Sunday was the travel day. We all made our way to Kansas City from north, south, east and west. It was a very sad reason to get together, but it was also a joyous celebration. We were all staying at the same hotel. As we arrived, we sort of took over the common area in the lobby. Each traveler, or group of travelers, were greeted with a round of hugs as they came in. This is just how we do it on this side of the family. Lots of hugs. Especially this weekend.

I know I have an awesome family. But it’s always nice to see them and re-connect. All of my aunts and uncles made it and eight out of the ten cousins. I’m having a hard time remembering the last time I saw some of my cousins. I’m sure it has been a few years in some cases and many in at least one other. I don’t know if it’s this way in many families, but even if I weren’t related to these people, I’d want to be!

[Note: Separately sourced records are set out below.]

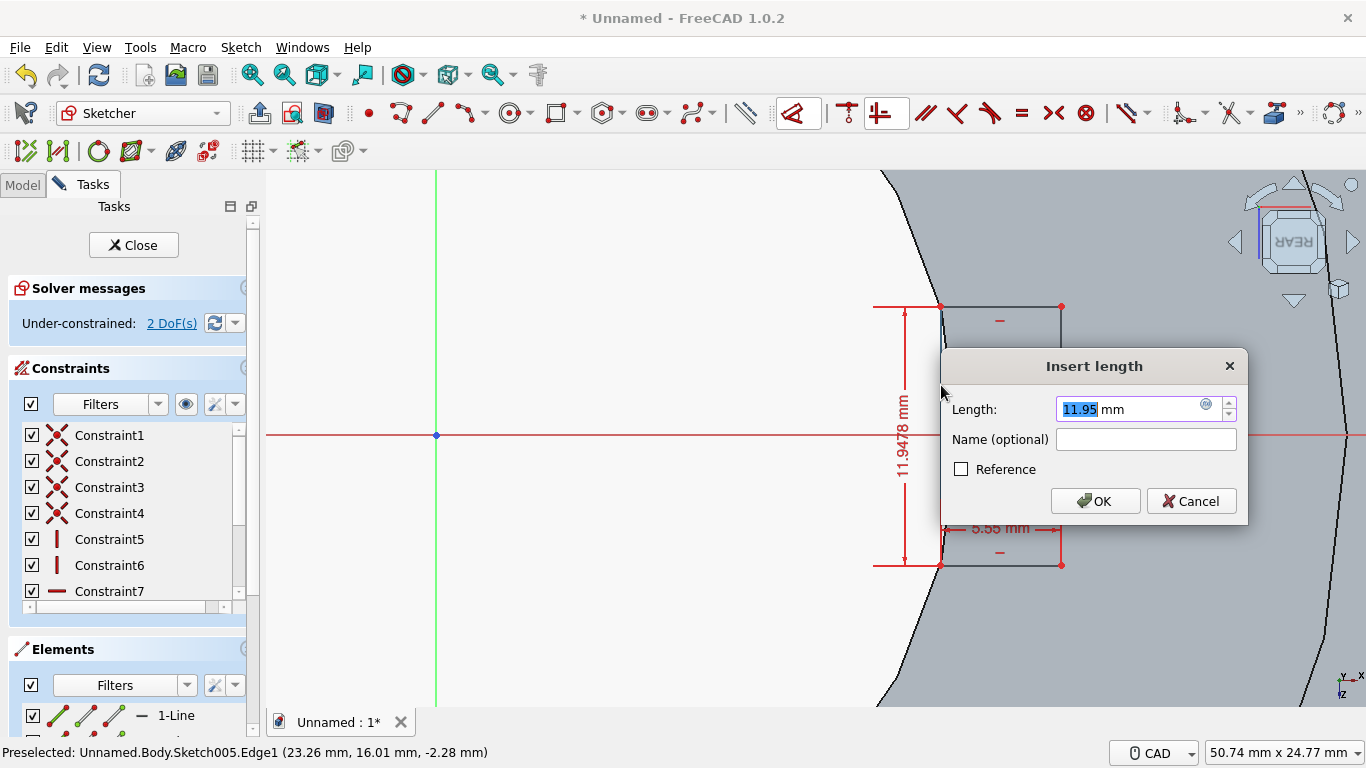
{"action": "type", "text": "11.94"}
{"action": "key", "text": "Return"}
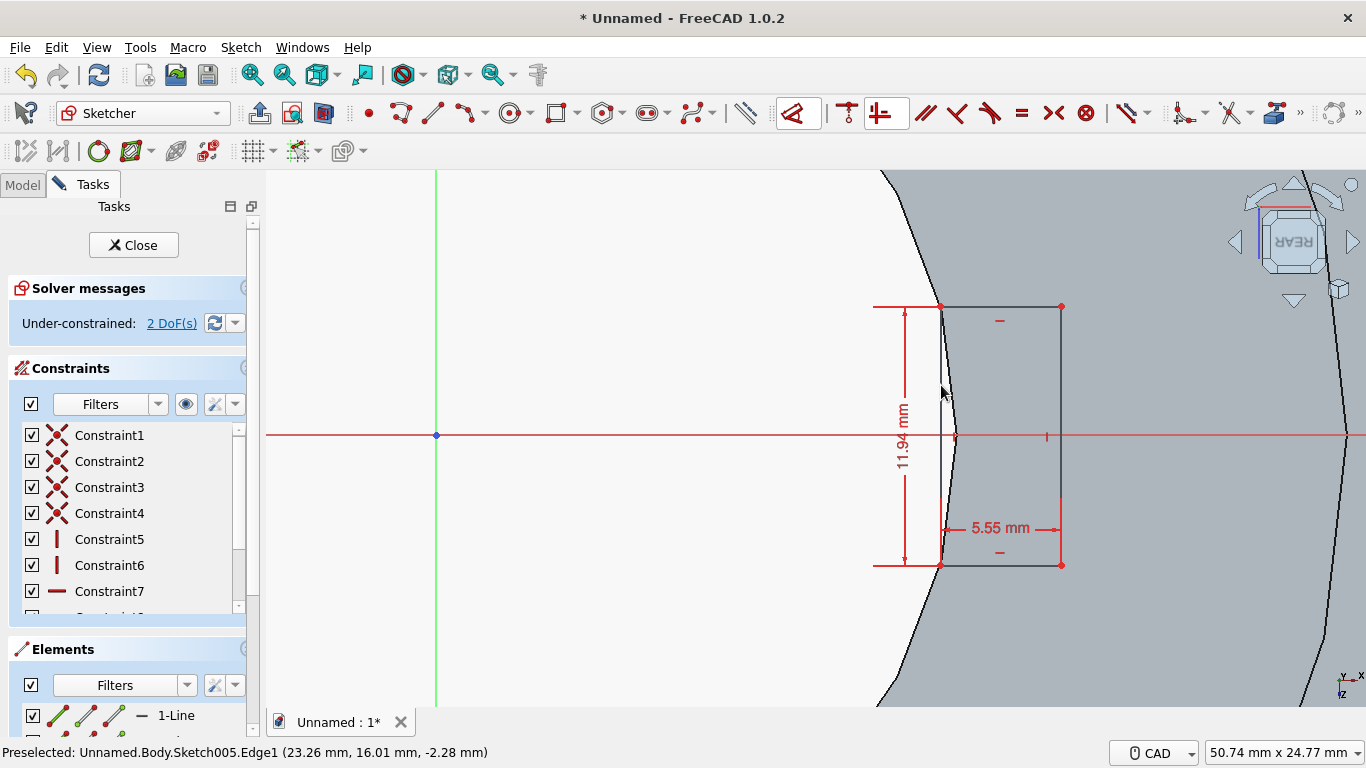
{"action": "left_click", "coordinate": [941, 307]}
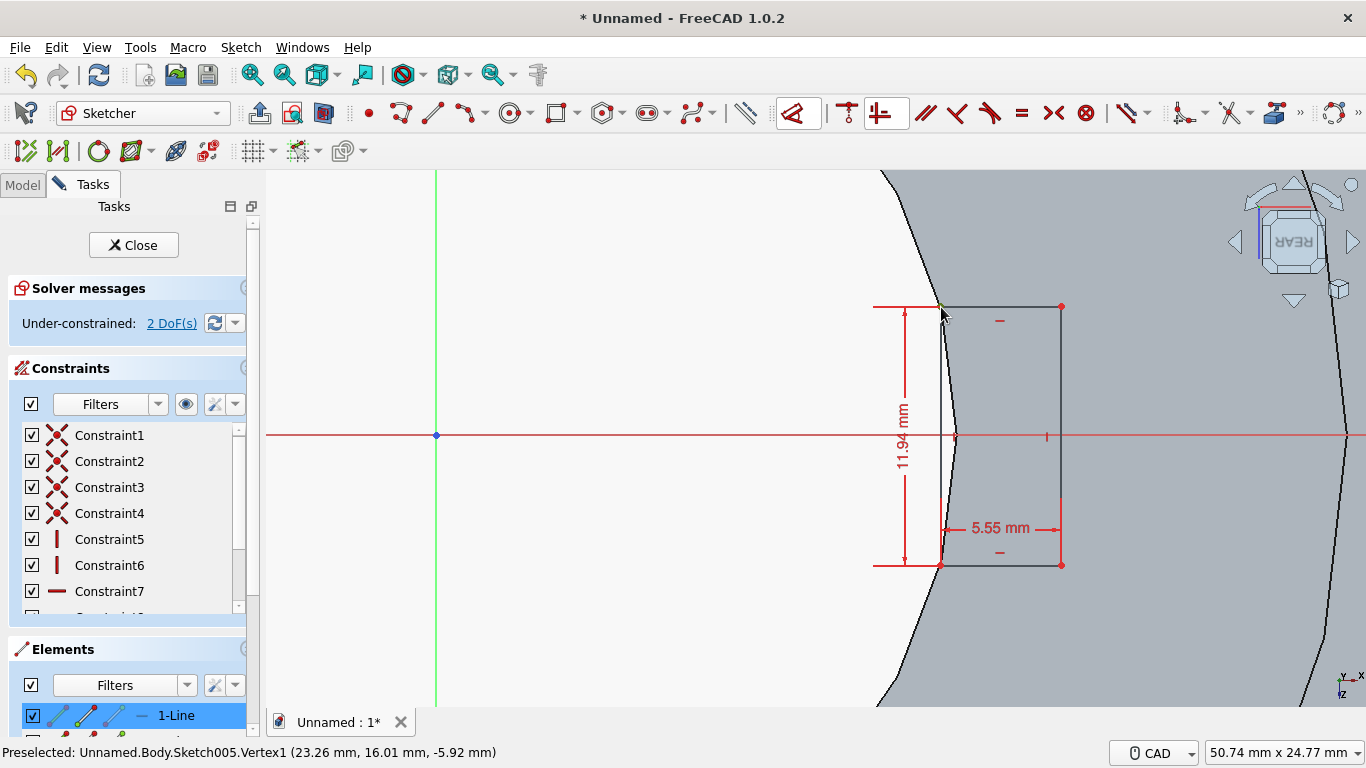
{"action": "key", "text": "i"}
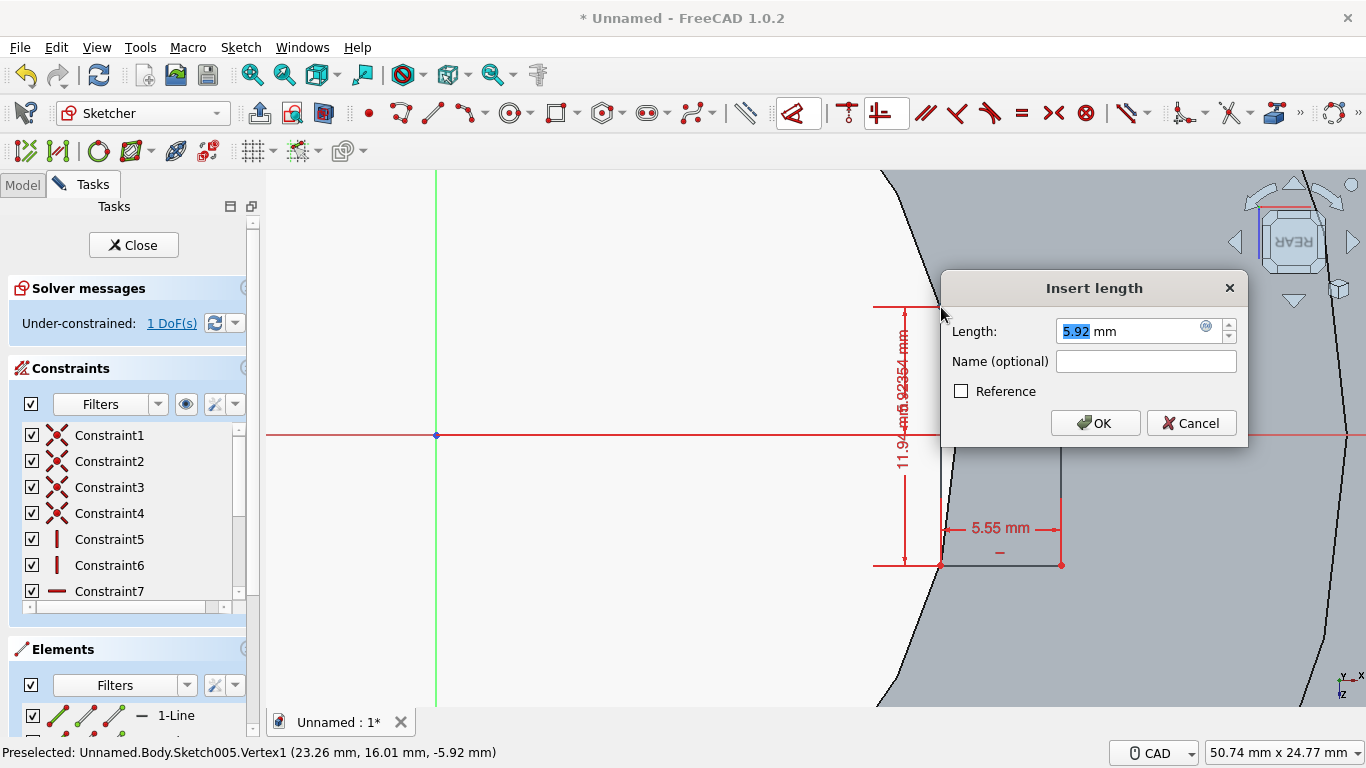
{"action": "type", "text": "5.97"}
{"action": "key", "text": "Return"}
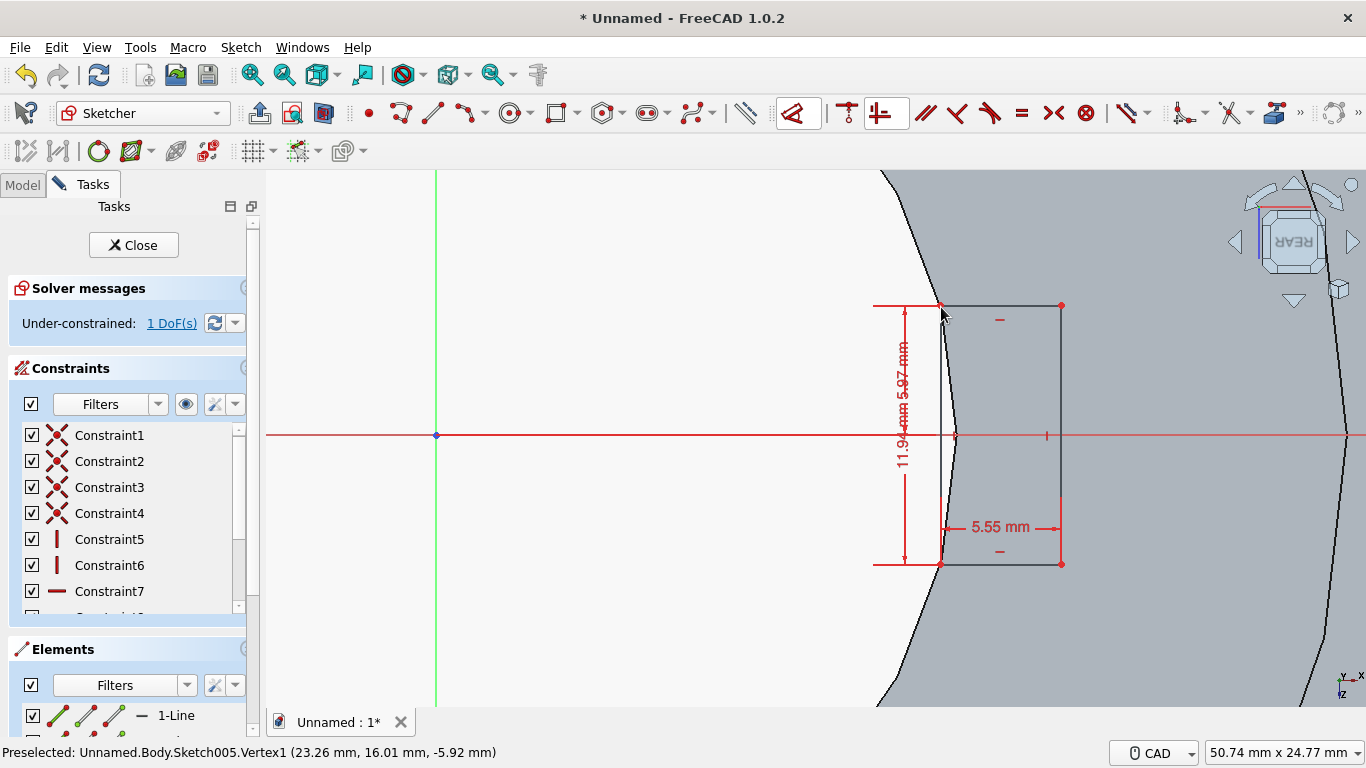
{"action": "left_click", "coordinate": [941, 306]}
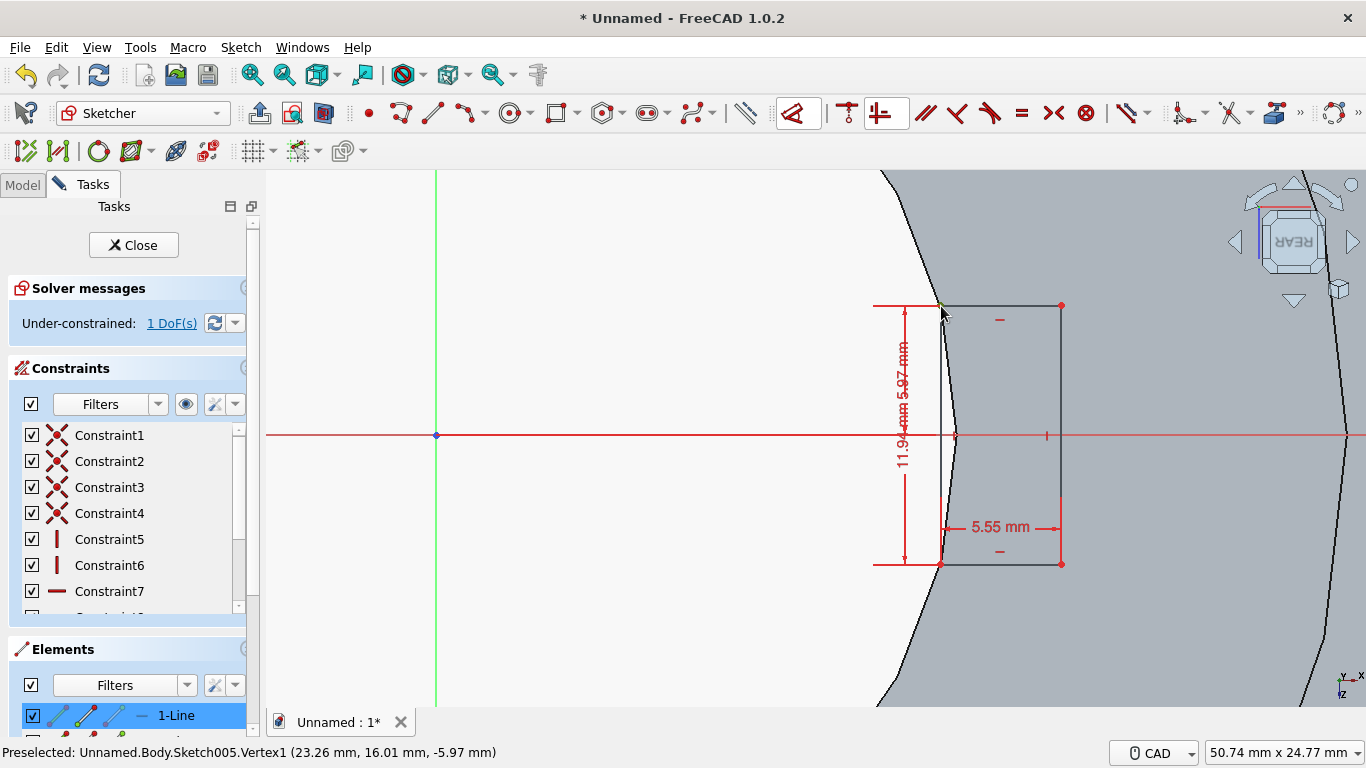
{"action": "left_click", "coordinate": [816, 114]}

It was really wonderful to have everyone there. This was probably the toughest funeral I’ve been to. At any second I could have fallen apart into a pool of tears. And if you know anything about me, I’m one of those stoic Norwegians that doesn’t cry in front of anyone.

It will take a long time to “get over” Steve’s death. The thing that is so reassuring is that he’s not in pain any more. He is at peace. And he was ready. He wrote letters to his aunts, uncles, siblings, parents and close friends. Knowing that he had a limited time, he made sure that we all knew how much he cared about us.

One thing Steve taught us from all of this, is that we all need to live life to the fullest. No matter how bad you think your hand is, it could always be worse. Make the most of what you’ve got and try to look on the bright side and create your own happiness.